Topos-theoretic Galois theory This page is an overview of some of the types of "Galois theories" there are. One of the most basic type is the fundamental theorem of covering spaces, which says, roughly, that for each topological space $X$, there is an equivalence of categories
$$\mathrm{Cov}(X)\simeq \pi_1(X)\mathbf{Set}.$$
Grothendieck proved an analogue of that statement for schemes $X$:
$$\mathrm{EtCov}(X)\simeq \pi_1(X)\mathbf{Set}.$$
(This is again just a very rough formulation and omits some of the assumptions, but you know what I mean.)
I am interested in "topos-theoretic Galois theory". Unfortunately, this section of the nLab page isn't filled out ("(...)"), but I guess that the topos-theoretic formulation of Galois theory states, roughly, that for each topos $\mathcal E$,
$$\mathrm{Gal}(\mathcal E)\simeq \pi_1(\mathcal E)\mathbf{Set},\qquad (\ast)$$
where $\mathrm{Gal}(\mathcal E)$ is the full subcategory of $\mathcal E$ consisting of locally constant objects in $\mathcal E$, and $\pi_1(\mathcal E)$ is the fundamental group of $\mathcal E$. (This is suggested by the nLab section "Reformulation of classical Galois theory".)
Question: Is there a reference for $(\ast)$ (and the definition of the fundamental group of a topos which is used here)?
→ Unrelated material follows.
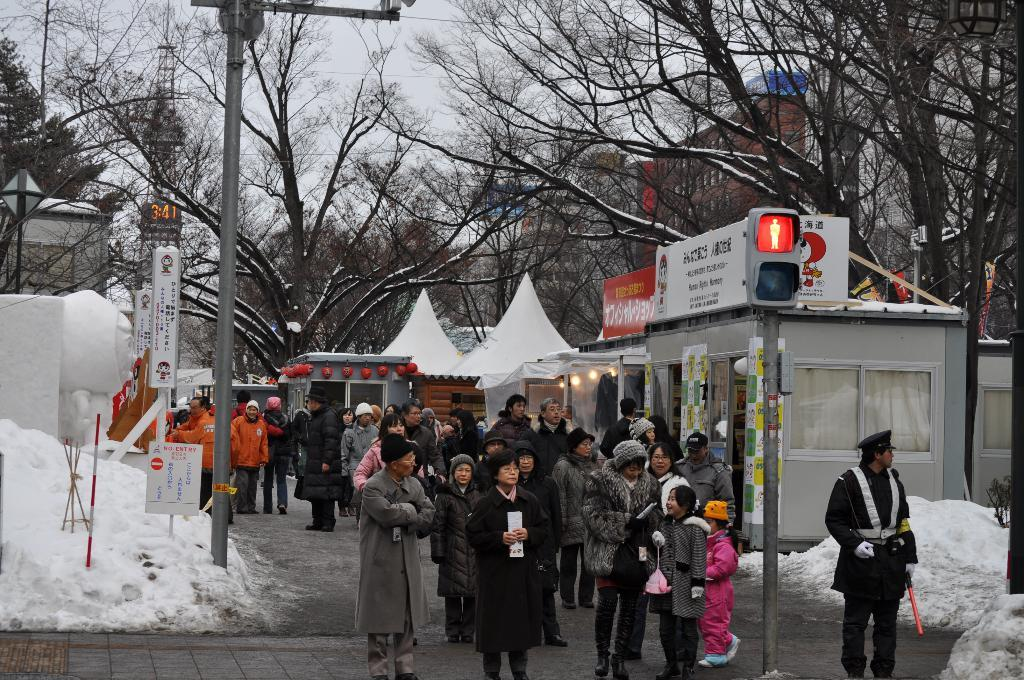What is the main subject of the image? There is a group of people in the image. What is located on the pole in the image? There is a traffic signal on a pole. What objects can be seen in the image besides the people and traffic signal? There are boards visible in the image. What is the weather like in the image? There is snow in the image, indicating a cold or wintry environment. What can be seen in the background of the image? The background of the image includes trees, buildings, and the sky. Can you see any pigs stuck in quicksand in the image? No, there are no pigs or quicksand present in the image. What type of bone can be seen in the image? There is no bone visible in the image.

Is this in SGA 4?
The linked nLab page fundamental group of a topos refers to (and is mostly copy-pasted from) Porter's paper Abstract Homotopy Theory: The interaction of category theory and homotopy theory, which contains a section called "The fundamental group of a topos", which in turn refers to SGA 1. This is weird, because SGA 1 doesn't discuss topoi, so in particular not the fundamental group of a topos!
The nLab also refers to SGA 4 Exposé IV Exercice 2.7.5 for the definition of the fundamental group and SGA 4 Exposé VIII Proposition 2.1 for, I guess, $(\ast)$ in the special case that $\mathcal E$ is the étale topos of the scheme $X=\mathrm{Spec}(k)$ for some field $k$. (But this is really just a guess - I can't read French. So correct me if I'm wrong.) Is there more of "topos-theoretic Galois theory" in SGA 4 or are these the only two paragraphs about that topic?
Concerning the definition of the fundamental group of a topos, there is a construction in Moerdijk's Classifying Spaces and Classifying Topoi, in which he nevertheless remarks:

The profinite fundamental group is discussed in
SGA1.

This suggests there are two version of the fundamental group of a topos: the one he discusses and the "profinite" version. However, as I said, topoi don't occur in SGA 1, so I wonder where I can find the definition of the "profinite" fundamental group, if that's the notion that should be used in $(\ast)$. (The definition used in $(\ast)$ should of course have the property that if $\mathcal E$ is the étale topos of a scheme $X$, then $\pi_1(\mathcal E)$ is isomorphic to the étale fundamental group of $X$.)
 A: Maybe you would like to see the thesis of O. Leroy, Groupoïde fondamental et théorème de Van Kampen en théorie des topos, available from https://plmbox.math.cnrs.fr/f/7ffa366379144dd4bacc/?dl=1 — the password is : groupoide
(a project of transcription)

or the thesis of V. Zoonekynd, La Tour de Teichmuller-Grothendieck, available from https://tel.archives-ouvertes.fr/tel-00001140/document
A: I believe that chapter $5$ of Galois Theories by Borceux and Janelidze contains what you're looking for -- they develop a general 'categorical Galois theorem' invoking toposes.
Chapter 7 gets even more general, presenting a 'non-Galoisian Galois theorem' that holds for any descent morphism in a category -- a morphism $f$ is a descent morphism iff the 'pullback along $f$' functor is monadic.
There is also the classic paper by Joyal and Tierney, An Extension of the Galois theory of Grothendieck, where they prove that each Grothendieck topos is equivalent to the category of equivariant sheaves on a groupoid internal to the category of locales.
This paper by Christopher Townsend might be of interest to your specific question; he re-proves Joyal and Tierney’s result on the representation of Grothendieck toposes as localic groupoids using a simplified case of the aforementioned categorical Galois theorem, then proceeds to actually prove the whole theorem using this trivial case as a key ingredient.